• **INSTRUCTIONS TO FOLLOW**:
Filter task. Return each line of the material that holds the string "with".

##########

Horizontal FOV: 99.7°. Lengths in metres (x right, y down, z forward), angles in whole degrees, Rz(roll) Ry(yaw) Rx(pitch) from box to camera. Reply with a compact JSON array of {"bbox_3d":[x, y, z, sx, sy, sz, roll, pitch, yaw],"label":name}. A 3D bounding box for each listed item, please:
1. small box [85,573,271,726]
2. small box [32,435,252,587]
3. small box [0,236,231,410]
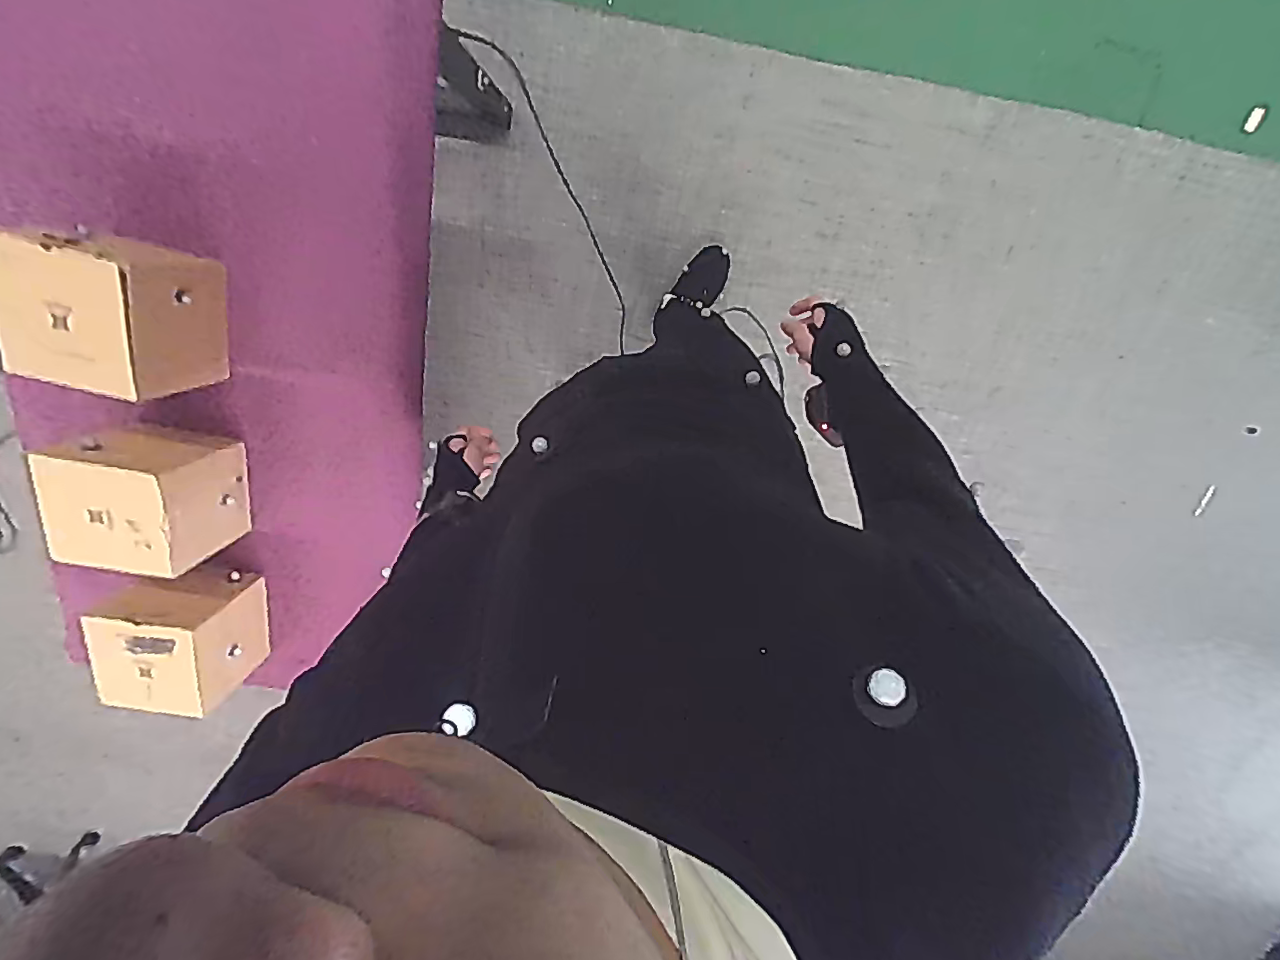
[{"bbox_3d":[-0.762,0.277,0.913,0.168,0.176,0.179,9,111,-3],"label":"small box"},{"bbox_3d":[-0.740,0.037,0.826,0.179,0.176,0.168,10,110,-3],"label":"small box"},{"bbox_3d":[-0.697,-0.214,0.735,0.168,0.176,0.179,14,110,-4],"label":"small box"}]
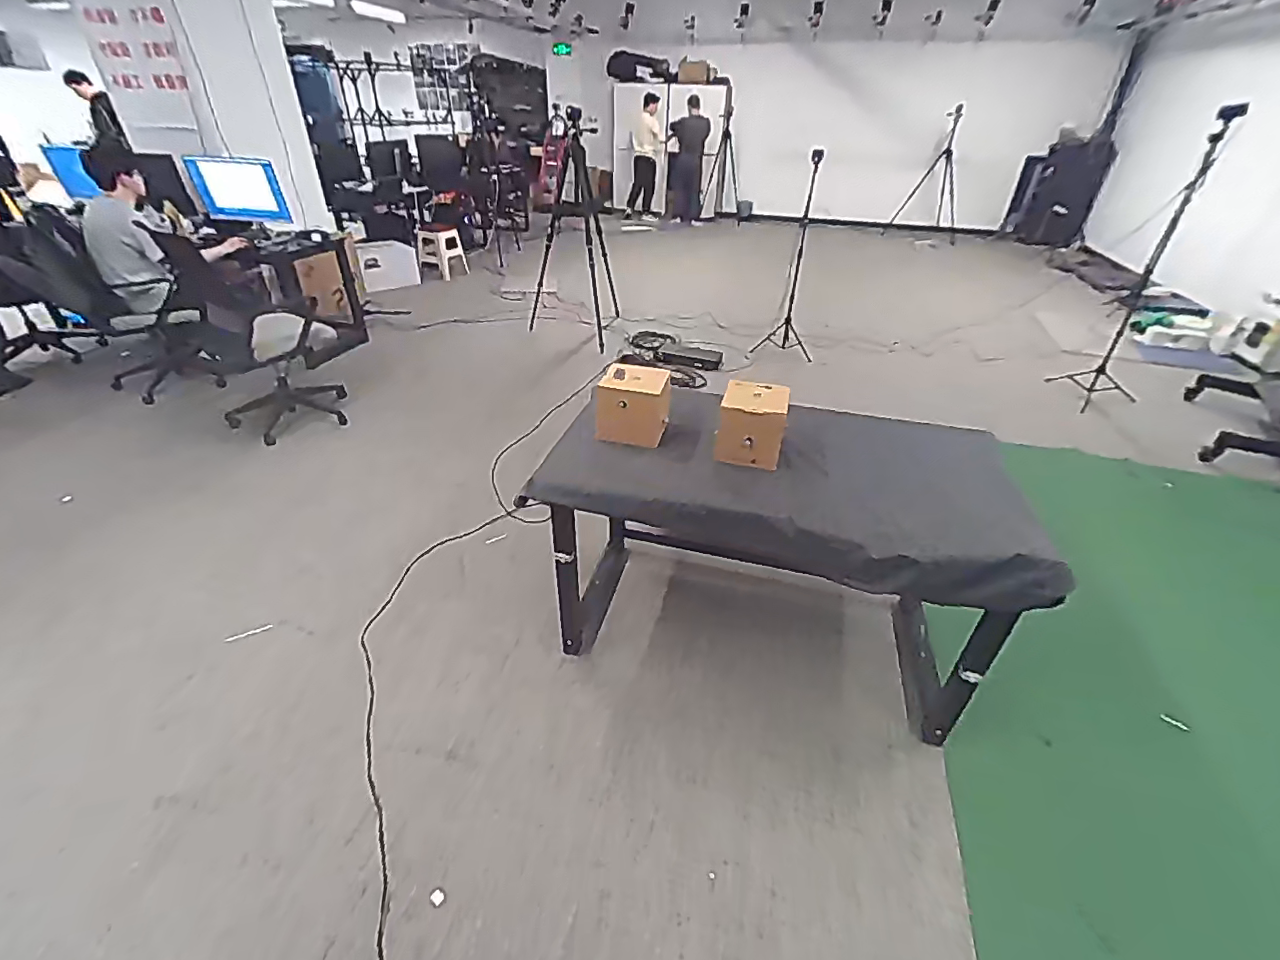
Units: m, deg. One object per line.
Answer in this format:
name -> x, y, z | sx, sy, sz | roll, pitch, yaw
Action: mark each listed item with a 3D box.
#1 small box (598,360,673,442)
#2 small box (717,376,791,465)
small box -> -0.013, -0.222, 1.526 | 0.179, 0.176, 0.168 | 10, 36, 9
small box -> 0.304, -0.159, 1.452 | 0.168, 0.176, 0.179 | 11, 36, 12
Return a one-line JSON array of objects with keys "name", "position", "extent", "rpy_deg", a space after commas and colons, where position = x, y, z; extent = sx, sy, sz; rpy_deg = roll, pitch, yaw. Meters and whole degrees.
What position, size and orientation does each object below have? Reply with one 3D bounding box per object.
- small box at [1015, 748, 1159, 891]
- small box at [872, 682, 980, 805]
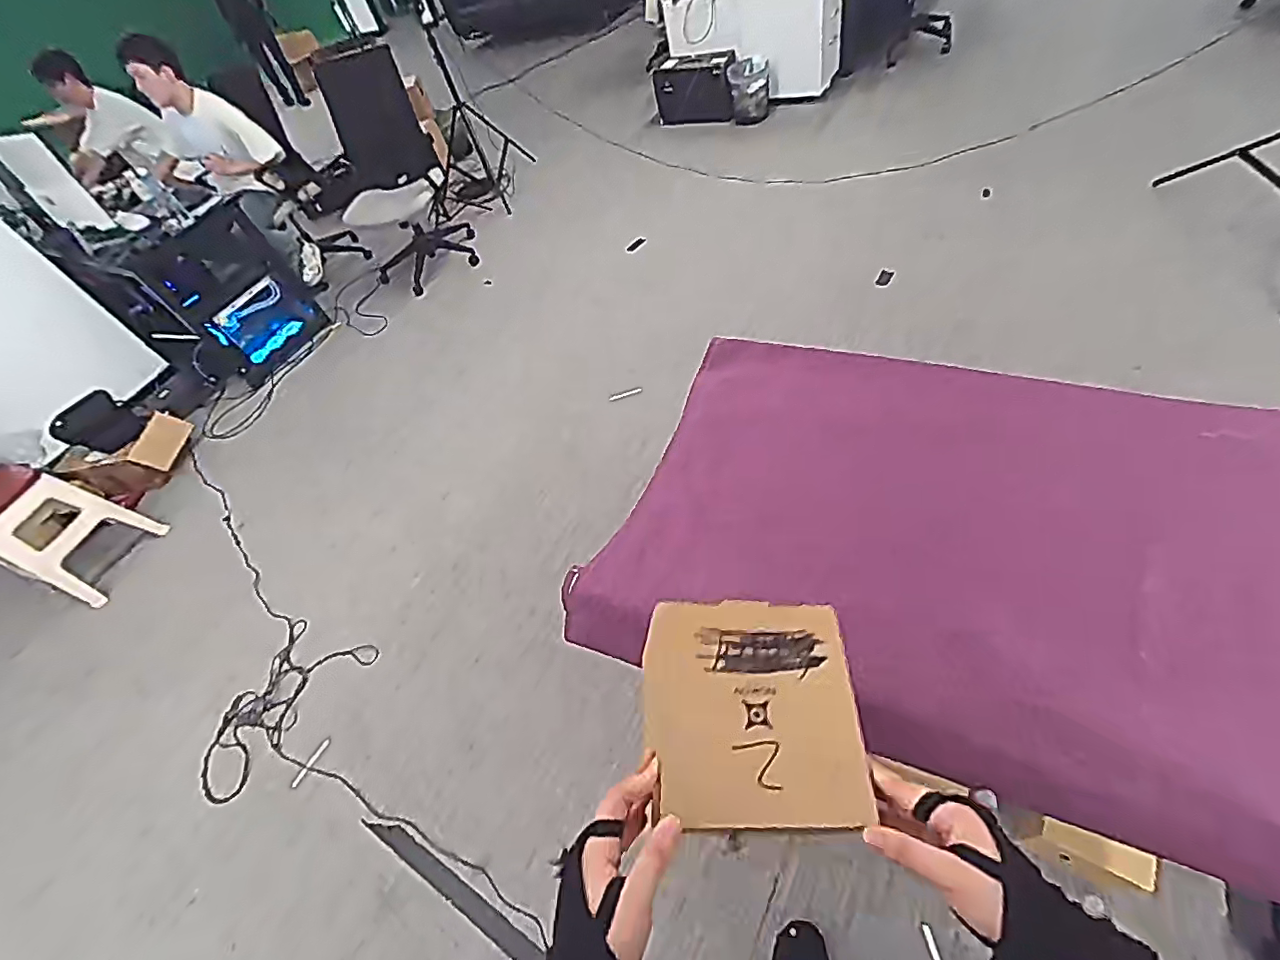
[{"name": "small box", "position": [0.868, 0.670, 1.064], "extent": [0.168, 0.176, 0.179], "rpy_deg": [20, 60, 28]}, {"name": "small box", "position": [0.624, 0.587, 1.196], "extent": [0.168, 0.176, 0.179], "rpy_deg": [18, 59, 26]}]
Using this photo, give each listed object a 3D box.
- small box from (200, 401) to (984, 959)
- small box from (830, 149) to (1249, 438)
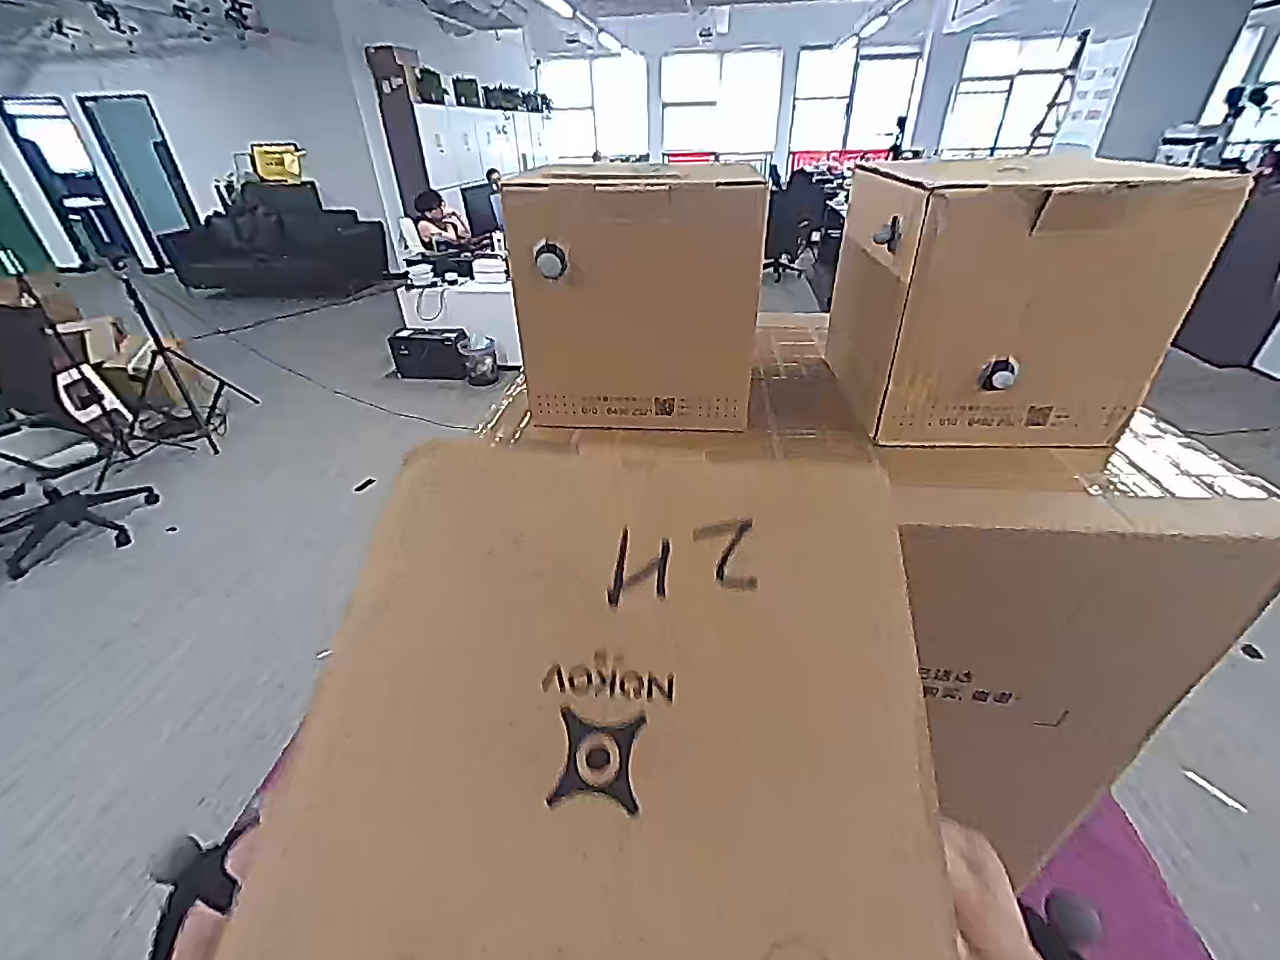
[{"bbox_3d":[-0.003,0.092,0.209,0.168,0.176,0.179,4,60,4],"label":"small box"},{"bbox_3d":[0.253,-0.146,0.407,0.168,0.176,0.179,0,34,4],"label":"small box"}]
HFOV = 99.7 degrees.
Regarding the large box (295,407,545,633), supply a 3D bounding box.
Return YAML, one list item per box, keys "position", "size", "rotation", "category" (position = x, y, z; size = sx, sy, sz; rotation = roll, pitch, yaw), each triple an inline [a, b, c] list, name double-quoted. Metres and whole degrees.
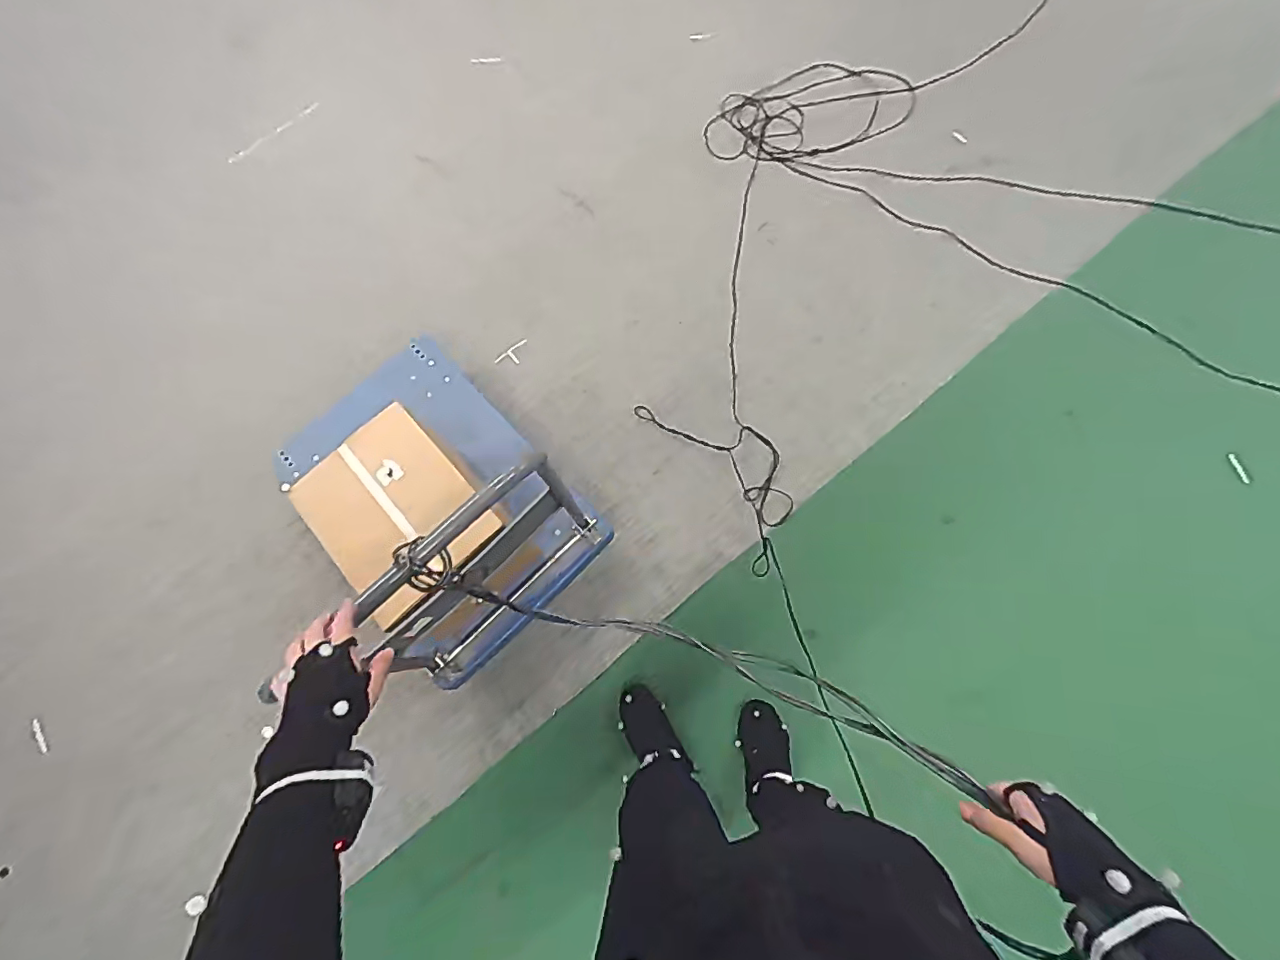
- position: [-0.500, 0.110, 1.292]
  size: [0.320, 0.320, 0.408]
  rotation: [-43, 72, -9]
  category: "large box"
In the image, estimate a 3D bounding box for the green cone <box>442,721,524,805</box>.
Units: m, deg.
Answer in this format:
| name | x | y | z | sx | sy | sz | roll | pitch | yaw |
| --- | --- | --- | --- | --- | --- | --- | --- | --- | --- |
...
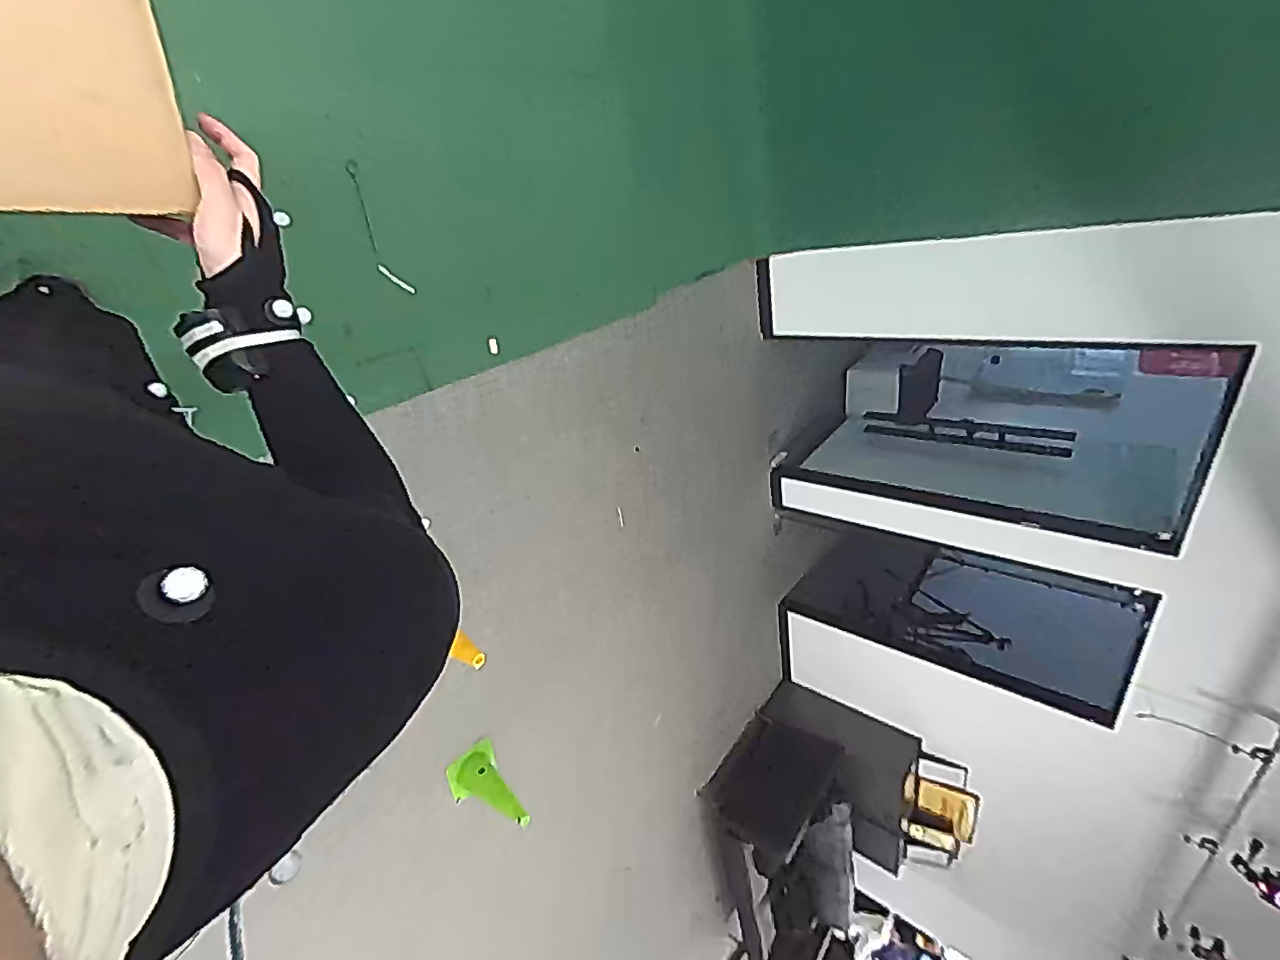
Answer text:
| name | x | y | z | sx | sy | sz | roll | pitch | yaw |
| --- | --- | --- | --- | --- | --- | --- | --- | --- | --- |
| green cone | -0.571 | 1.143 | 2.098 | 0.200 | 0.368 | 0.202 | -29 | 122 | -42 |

##########

• **ANSWER FOR THIS EXERCISE**:
Horizontal FOV: 99.7°. Lengths in metres (x right, y down, z forward), angles in whole degrees, Rz(roll) Ry(yaw) Rx(pitch) from box to camera. Reply with a compact JSON array of {"bbox_3d":[x, y, z, sx, sy, sz, roll, pitch, yaw],"label":name}. A 3D bounding box for each listed item, please:
Action: mark each listed item with a 3D box.
Return a one-line JSON array of objects with keys "name", "position", "extent", "rpy_deg", a space after commas and colons, where position = x, y, z; extent = sx, sy, sz; rpy_deg = roll, pitch, yaw. Meters and whole degrees.
What position, size and orientation does each object below have? Reply with one 3D bounding box per object.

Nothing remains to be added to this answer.